12/07/06 Tony Blair tente dimposer le nucléaire au Royaume-Uni
Tony Blair tente d’imposer le nucléaire au Royaume-Uni
Paris, France - 11/07/2006 - Le gouvernement britannique publie aujourd’hui un rapport sur la politique énergétique. Ce rapport ne montre rien de substantiel concernant le marché du développement des énergies renouvelables, Tony Blair y impose clairement le recours au nucléaire. Greenpeace dénonce l’obsession du Premier Ministre britannique qui menace la mise en place indispensable d’une véritable politique énergétique verte efficace pour la lutte contre les changements climatiques.
Le rapport publié aujourd’hui remet donc le nucléaire en selle, ignorant l’avis du public et de nombreux experts et commissions, notamment l’avis de la Commission Nationale du Développement Durable rendu le 6 mars dernier estimant par exemple que le recours au nucléaire serait totalement inefficace dans le cadre d’une politique de réduction des gaz à effet de serre (1).

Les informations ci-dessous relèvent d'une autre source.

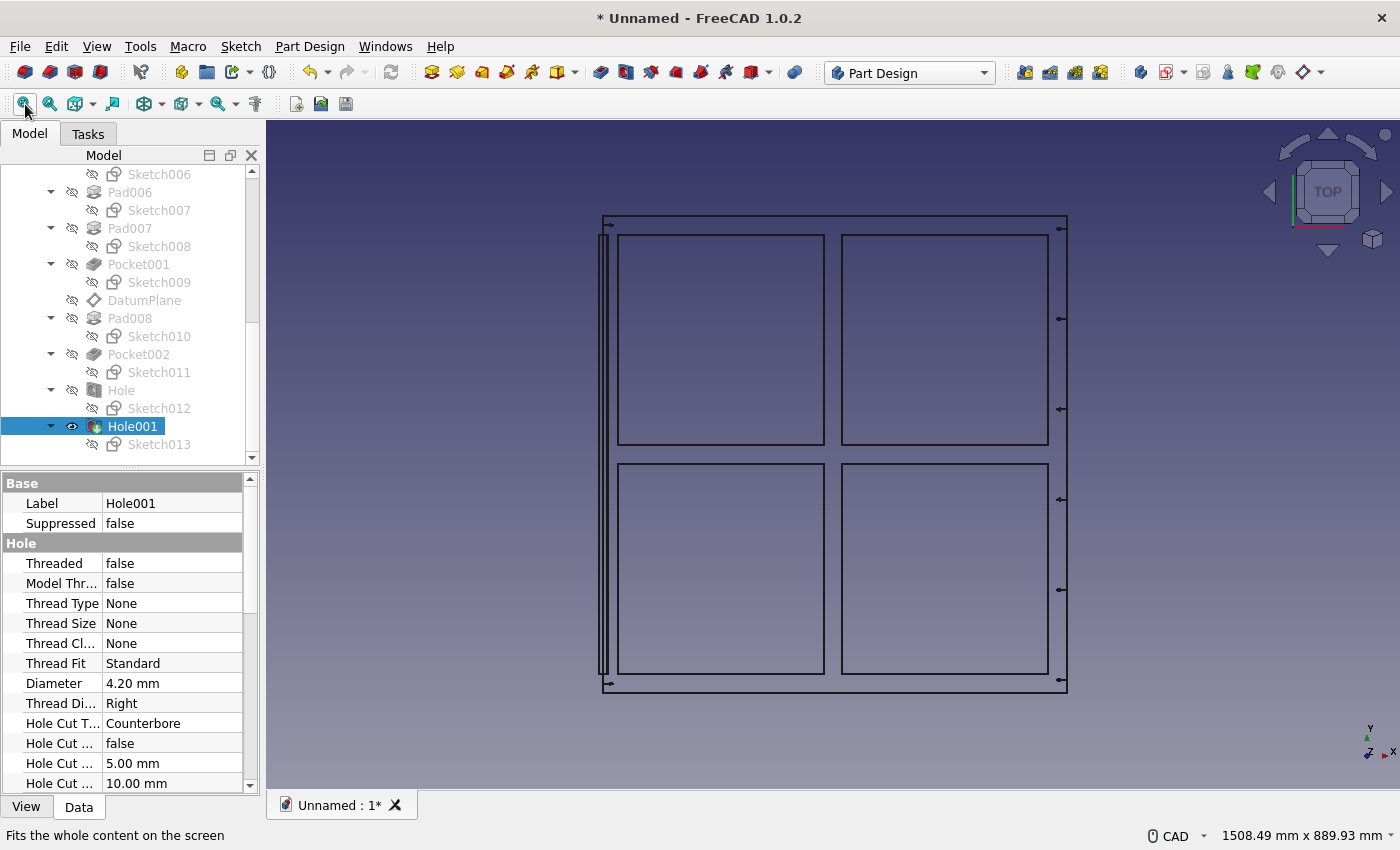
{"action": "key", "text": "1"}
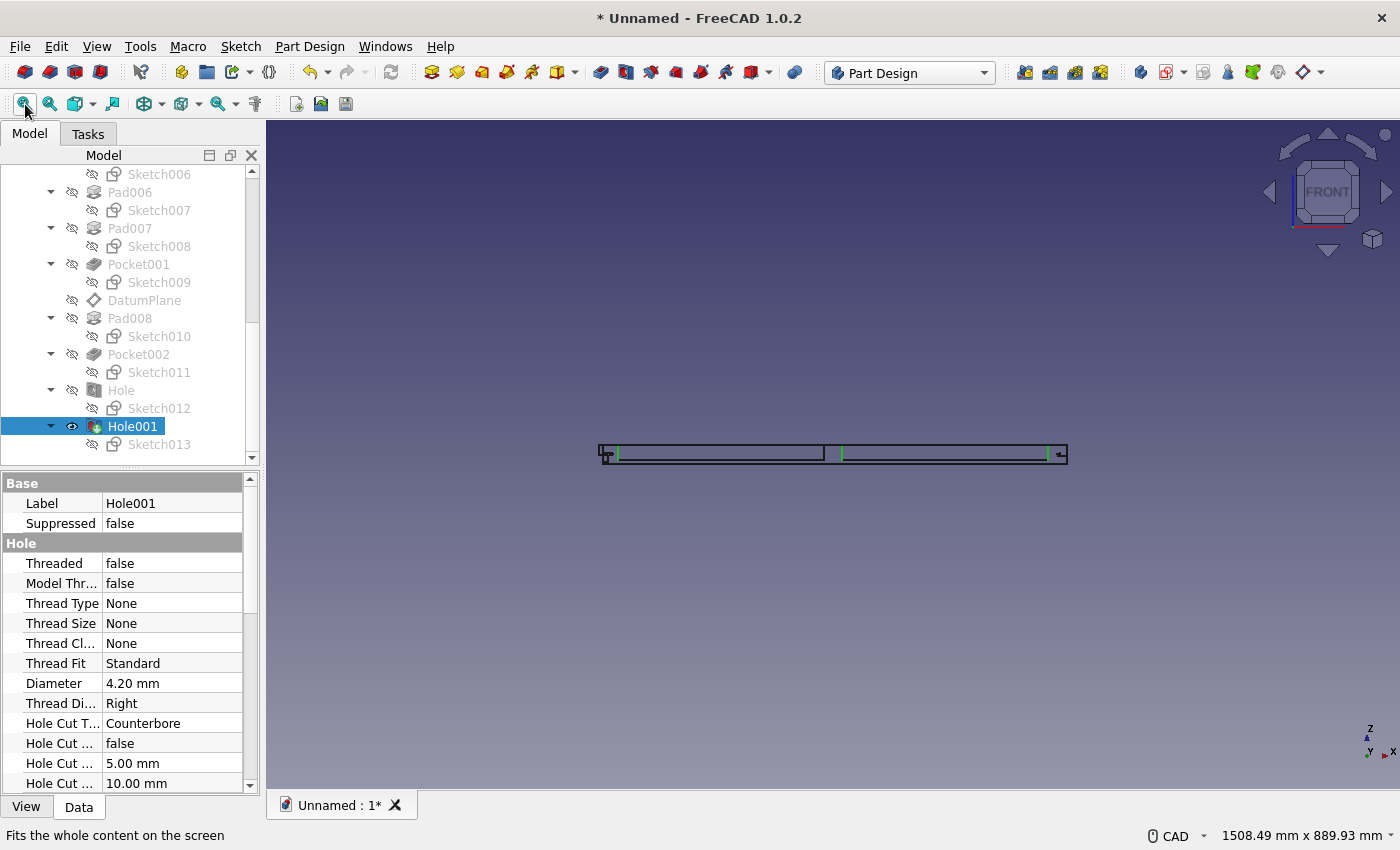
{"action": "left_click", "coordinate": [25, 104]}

« L’attitude de Tony Blair est catastrophique : à chaque fois qu’un gouvernement soutient fortement l’industrie nucléaire, les premières victimes sont les énergies renouvelables et l’efficacité énergétique, explique Shaun Burnie chargé de campagne Nucléaire à Greenpeace International. Ce rapport vise à sauver l’industrie nucléaire pas le climat ! »

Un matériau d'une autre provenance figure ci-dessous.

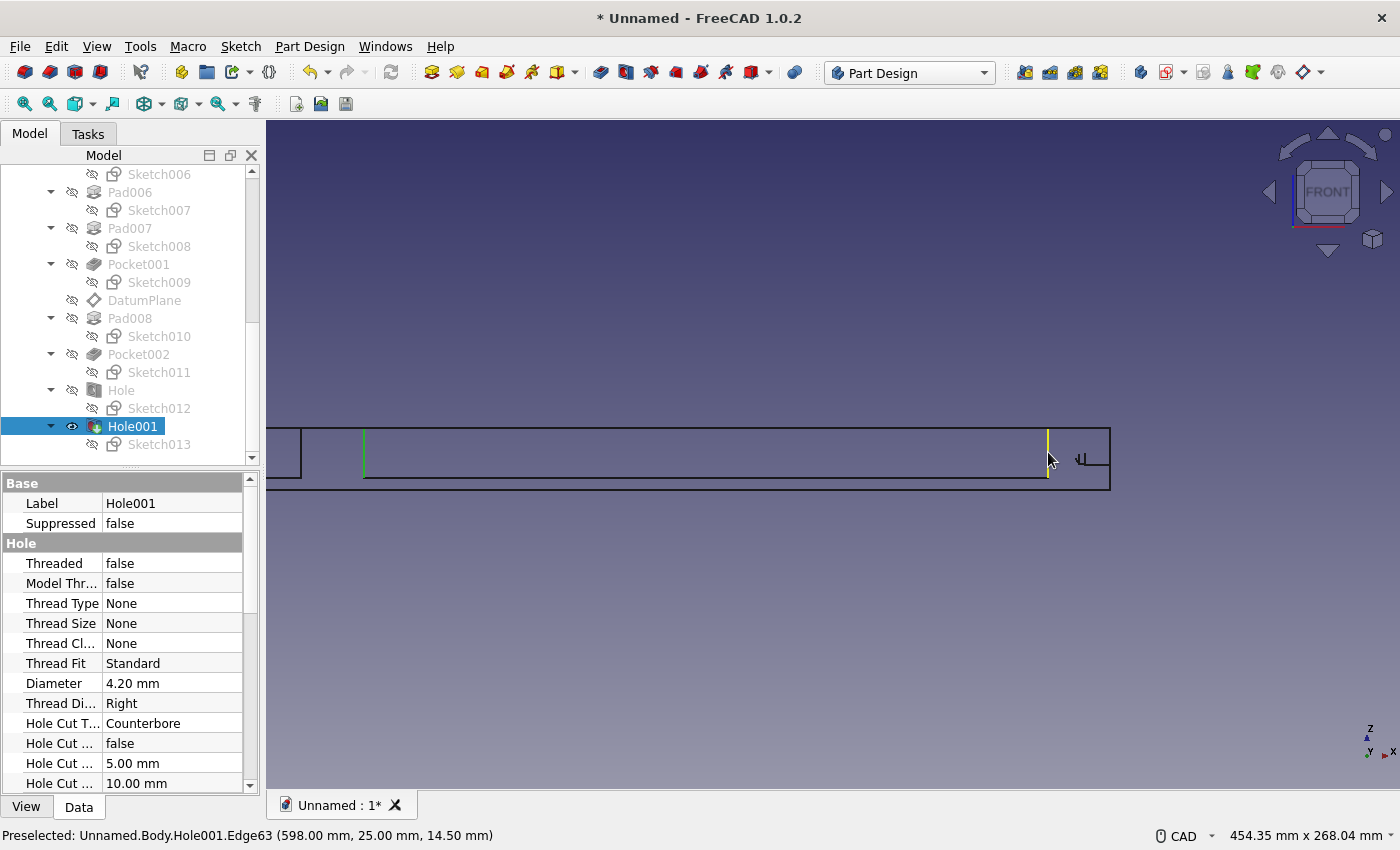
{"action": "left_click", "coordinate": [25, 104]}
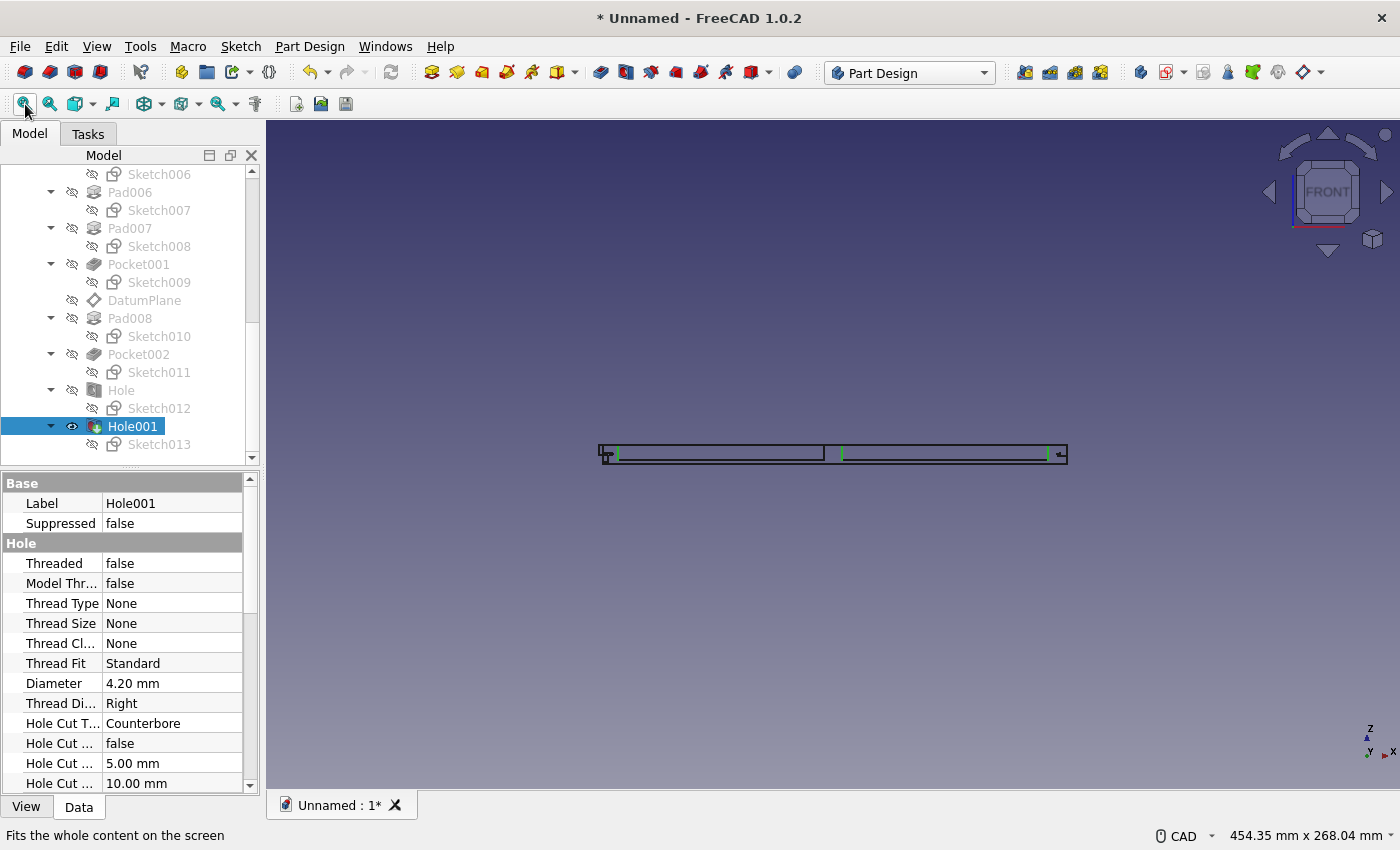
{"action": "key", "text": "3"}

En 2003, le Royaume-Uni s’était déjà muni d’un livre blanc sur l’énergie, qui définissait les grandes lignes d’une politique énergétique et mettait clairement le nucléaire sur la touche, jugé trop cher, dangereux et n’ayant pas résolu le grave problème des déchets nucléaires. Ne convenant ni à Tony Blair ni à l’industrie nucléaire, un nouveau processus a donc été relancé et a abouti en 6 mois à une révision de la politique énergétique.
L’industrie nucléaire française, présente au Royaume-Uni à travers EDF, n’est pas innocente dans le retour de l’option nucléaire outre-manche. EDF mais aussi Areva ont ainsi donné leur contribution lors du processus de consultation, les deux entreprises proposant d’y construire des centrales nucléaires.

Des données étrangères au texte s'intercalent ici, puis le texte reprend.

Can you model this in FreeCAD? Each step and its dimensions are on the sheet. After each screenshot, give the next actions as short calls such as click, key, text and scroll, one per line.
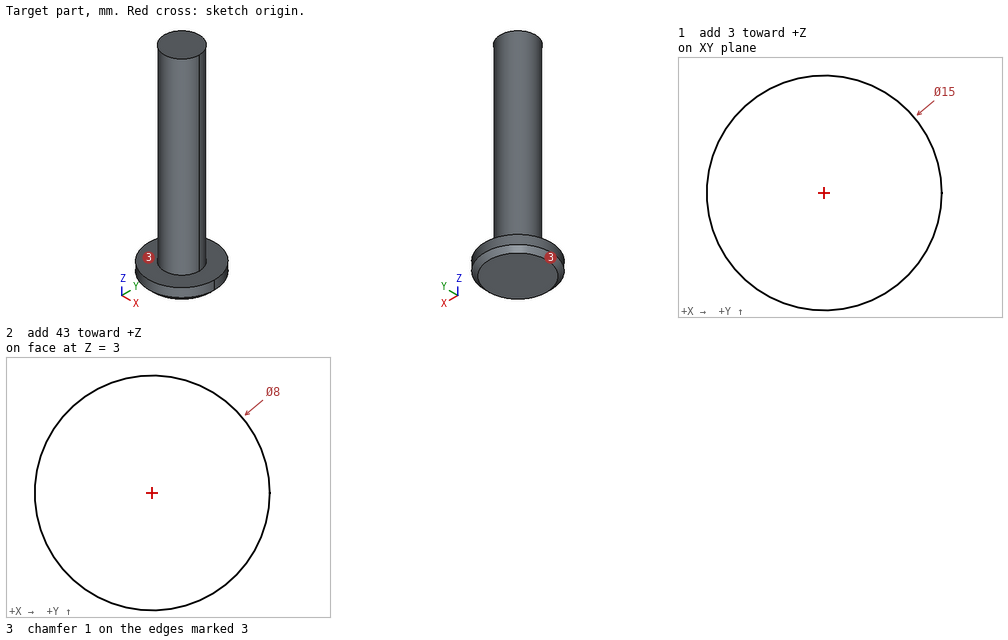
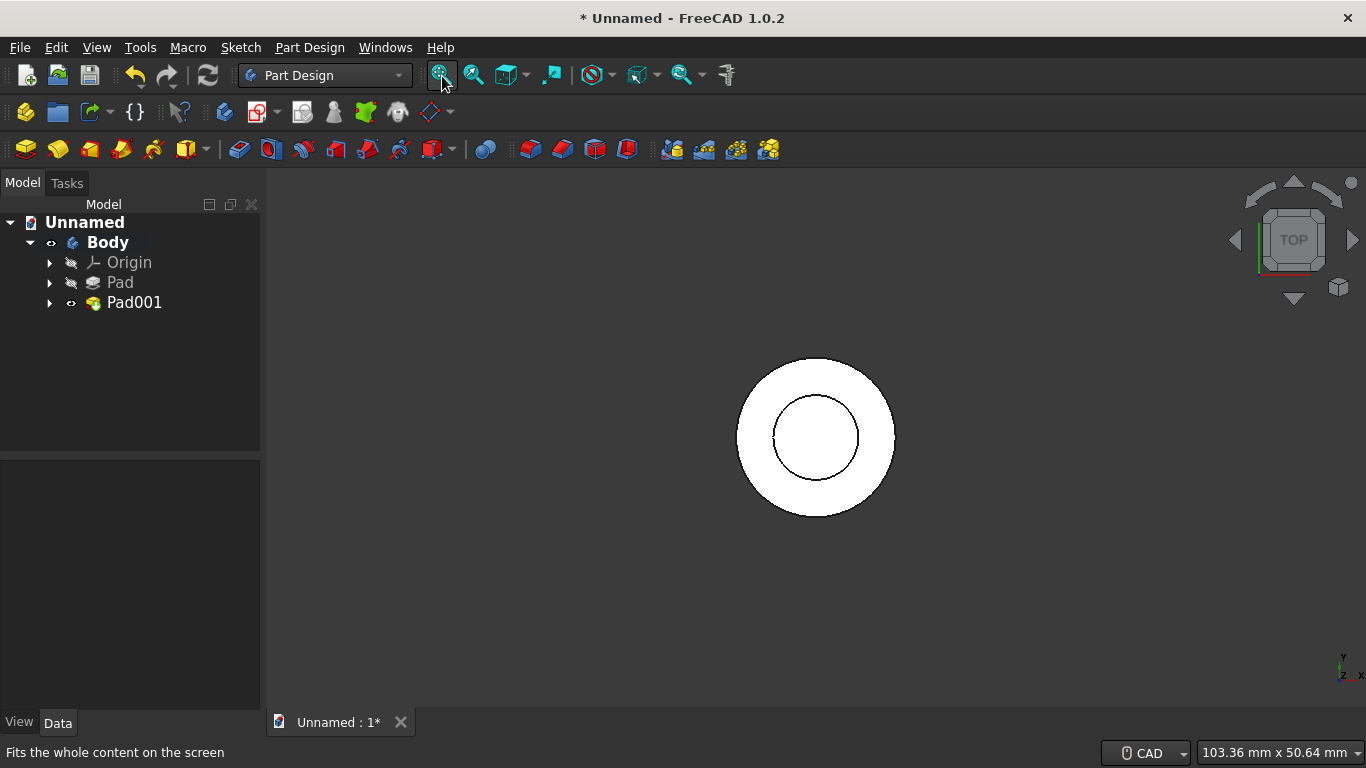
click(442, 76)

« Aux abois, l’industrie nucléaire française se place déjà outre-manche en espérant ronger un nouvel os, déclare Frédéric Marillier, chargé de campagne Energie au bureau français. Ce rapport va être glorifié par Areva et EDF car il apporte un peu de ciel bleu dans un paysage du marché nucléaire très gris ».
Au niveau européen, excepté la construction difficile du réacteur EPR en Finlande (construction qui a pris 1 an de retard) et du projet EPR en France à Flamanville, le nucléaire est en déclin, la plupart des pays tournant le dos à cette technologie. Dernier pays en date, l’Espagne, où le premier Ministre José Louis Zapatero a confirmé fin mai lors de son discours de politique générale, l’engagement de son gouvernement dans la sortie du nucléaire.
Note :
1. Dans son avis, intitulé « Le nucléaire est-il la réponse ? », la Commission Nationale du Développement Durable a estimé « qu’il n’y avait pas de justification au lancement d’un nouveau programme nucléaire et qu’une telle proposition serait incompatible avec une stratégie de développement durable ». Elle précise par ailleurs que même si le parc actuel était doublé cela aurait pour effet de réduire seulement de 8% les émissions de CO2 (base 1990) en 2035, et presque rien d’ici 2020.